Sex Pistols: kolekcja pamiątek warta 5 milionów funtów spalona!
Joe Corre, syn menedżera Sex Pistols, spalił w Londynie pamiątki po zespole. Ich wartość była szacowana na 5 milionów funtów, czyli prawie 26 milionów złotych.
Na stosie znalazły się m.in. płyty, plakaty, archiwalne zdjęcia oraz elementy garderoby. Corre datę spalenia wybrał nieprzypadkowo - dokładnie w 40. rocznicę wydania debiutanckiego singla "Anarchy in the UK". Mężczyzna odziedziczył kolekcję po swoich rodzicach - projektantce Vivienne Westwood oraz Malcolmie McLarenie, który był menedżerem Sex Pistols. Skąd taka decyzja?

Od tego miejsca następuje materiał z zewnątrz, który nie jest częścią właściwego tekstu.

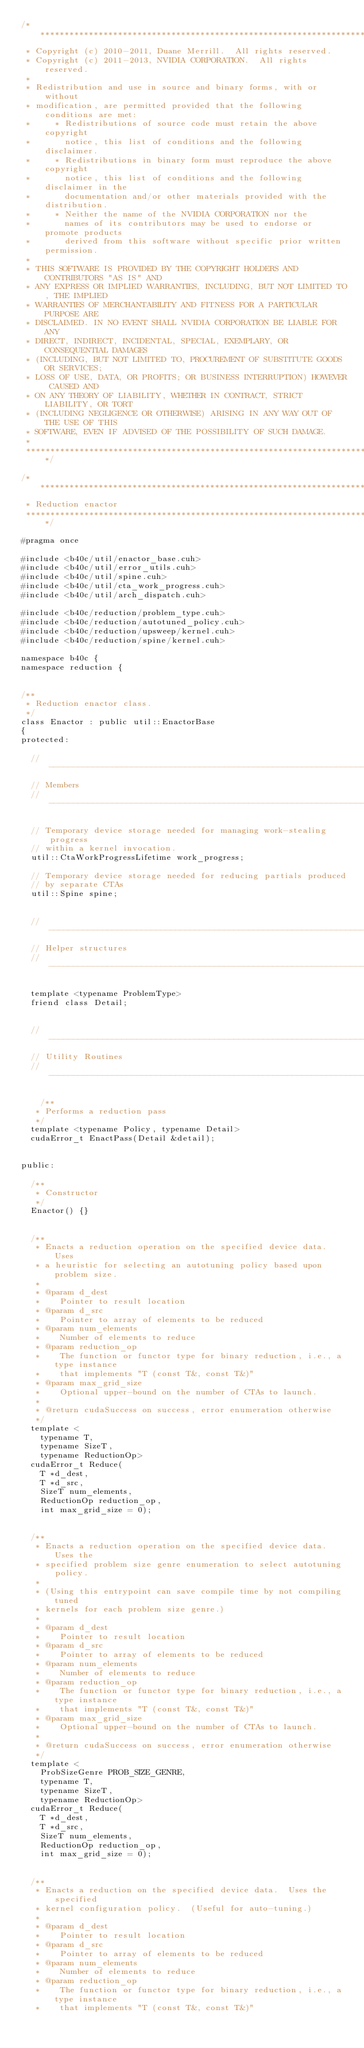Convert code to text. <code><loc_0><loc_0><loc_500><loc_500><_Cuda_>/******************************************************************************
 * Copyright (c) 2010-2011, Duane Merrill.  All rights reserved.
 * Copyright (c) 2011-2013, NVIDIA CORPORATION.  All rights reserved.
 * 
 * Redistribution and use in source and binary forms, with or without
 * modification, are permitted provided that the following conditions are met:
 *     * Redistributions of source code must retain the above copyright
 *       notice, this list of conditions and the following disclaimer.
 *     * Redistributions in binary form must reproduce the above copyright
 *       notice, this list of conditions and the following disclaimer in the
 *       documentation and/or other materials provided with the distribution.
 *     * Neither the name of the NVIDIA CORPORATION nor the
 *       names of its contributors may be used to endorse or promote products
 *       derived from this software without specific prior written permission.
 * 
 * THIS SOFTWARE IS PROVIDED BY THE COPYRIGHT HOLDERS AND CONTRIBUTORS "AS IS" AND
 * ANY EXPRESS OR IMPLIED WARRANTIES, INCLUDING, BUT NOT LIMITED TO, THE IMPLIED
 * WARRANTIES OF MERCHANTABILITY AND FITNESS FOR A PARTICULAR PURPOSE ARE
 * DISCLAIMED. IN NO EVENT SHALL NVIDIA CORPORATION BE LIABLE FOR ANY
 * DIRECT, INDIRECT, INCIDENTAL, SPECIAL, EXEMPLARY, OR CONSEQUENTIAL DAMAGES
 * (INCLUDING, BUT NOT LIMITED TO, PROCUREMENT OF SUBSTITUTE GOODS OR SERVICES;
 * LOSS OF USE, DATA, OR PROFITS; OR BUSINESS INTERRUPTION) HOWEVER CAUSED AND
 * ON ANY THEORY OF LIABILITY, WHETHER IN CONTRACT, STRICT LIABILITY, OR TORT
 * (INCLUDING NEGLIGENCE OR OTHERWISE) ARISING IN ANY WAY OUT OF THE USE OF THIS
 * SOFTWARE, EVEN IF ADVISED OF THE POSSIBILITY OF SUCH DAMAGE.
 *
 ******************************************************************************/

/******************************************************************************
 * Reduction enactor
 ******************************************************************************/

#pragma once

#include <b40c/util/enactor_base.cuh>
#include <b40c/util/error_utils.cuh>
#include <b40c/util/spine.cuh>
#include <b40c/util/cta_work_progress.cuh>
#include <b40c/util/arch_dispatch.cuh>

#include <b40c/reduction/problem_type.cuh>
#include <b40c/reduction/autotuned_policy.cuh>
#include <b40c/reduction/upsweep/kernel.cuh>
#include <b40c/reduction/spine/kernel.cuh>

namespace b40c {
namespace reduction {


/**
 * Reduction enactor class.
 */
class Enactor : public util::EnactorBase
{
protected:

	//---------------------------------------------------------------------
	// Members
	//---------------------------------------------------------------------

	// Temporary device storage needed for managing work-stealing progress
	// within a kernel invocation.
	util::CtaWorkProgressLifetime work_progress;

	// Temporary device storage needed for reducing partials produced
	// by separate CTAs
	util::Spine spine;


	//-----------------------------------------------------------------------------
	// Helper structures
	//-----------------------------------------------------------------------------

	template <typename ProblemType>
	friend class Detail;


	//-----------------------------------------------------------------------------
	// Utility Routines
	//-----------------------------------------------------------------------------

    /**
	 * Performs a reduction pass
	 */
	template <typename Policy, typename Detail>
	cudaError_t EnactPass(Detail &detail);


public:

	/**
	 * Constructor
	 */
	Enactor() {}


	/**
	 * Enacts a reduction operation on the specified device data.  Uses
	 * a heuristic for selecting an autotuning policy based upon problem size.
	 *
	 * @param d_dest
	 * 		Pointer to result location
	 * @param d_src
	 * 		Pointer to array of elements to be reduced
	 * @param num_elements
	 * 		Number of elements to reduce
	 * @param reduction_op
	 * 		The function or functor type for binary reduction, i.e., a type instance
	 * 		that implements "T (const T&, const T&)"
	 * @param max_grid_size
	 * 		Optional upper-bound on the number of CTAs to launch.
	 *
	 * @return cudaSuccess on success, error enumeration otherwise
	 */
	template <
		typename T,
		typename SizeT,
		typename ReductionOp>
	cudaError_t Reduce(
		T *d_dest,
		T *d_src,
		SizeT num_elements,
		ReductionOp reduction_op,
		int max_grid_size = 0);


	/**
	 * Enacts a reduction operation on the specified device data.  Uses the
	 * specified problem size genre enumeration to select autotuning policy.
	 *
	 * (Using this entrypoint can save compile time by not compiling tuned
	 * kernels for each problem size genre.)
	 *
	 * @param d_dest
	 * 		Pointer to result location
	 * @param d_src
	 * 		Pointer to array of elements to be reduced
	 * @param num_elements
	 * 		Number of elements to reduce
	 * @param reduction_op
	 * 		The function or functor type for binary reduction, i.e., a type instance
	 * 		that implements "T (const T&, const T&)"
	 * @param max_grid_size
	 * 		Optional upper-bound on the number of CTAs to launch.
	 *
	 * @return cudaSuccess on success, error enumeration otherwise
	 */
	template <
		ProbSizeGenre PROB_SIZE_GENRE,
		typename T,
		typename SizeT,
		typename ReductionOp>
	cudaError_t Reduce(
		T *d_dest,
		T *d_src,
		SizeT num_elements,
		ReductionOp reduction_op,
		int max_grid_size = 0);


	/**
	 * Enacts a reduction on the specified device data.  Uses the specified
	 * kernel configuration policy.  (Useful for auto-tuning.)
	 *
	 * @param d_dest
	 * 		Pointer to result location
	 * @param d_src
	 * 		Pointer to array of elements to be reduced
	 * @param num_elements
	 * 		Number of elements to reduce
	 * @param reduction_op
	 * 		The function or functor type for binary reduction, i.e., a type instance
	 * 		that implements "T (const T&, const T&)"</code>

Królowa pobłogosławiła 2016 rok, który jest rokiem punku, i to najbardziej przerażająca rzecz, jaką kiedykolwiek słyszałem. Dziś punk nie jest już ruchem inspirującym do zmian, to pie...one muzeum albo przestarzały odłamek sztuki. To kolejny McDonald kupiony przez rząd, establishment i korporacje - tak zapowiadał Corre swój protest.
Nikt nie ma wątpliwości że syn Westwood i McLarena mógł sobie pozwolić na taki gest. Sam, jako współzałożyciel bieliźnianej marki Agent Provocatour dorobił się fortuny.
Co sądzicie o takiej postawie?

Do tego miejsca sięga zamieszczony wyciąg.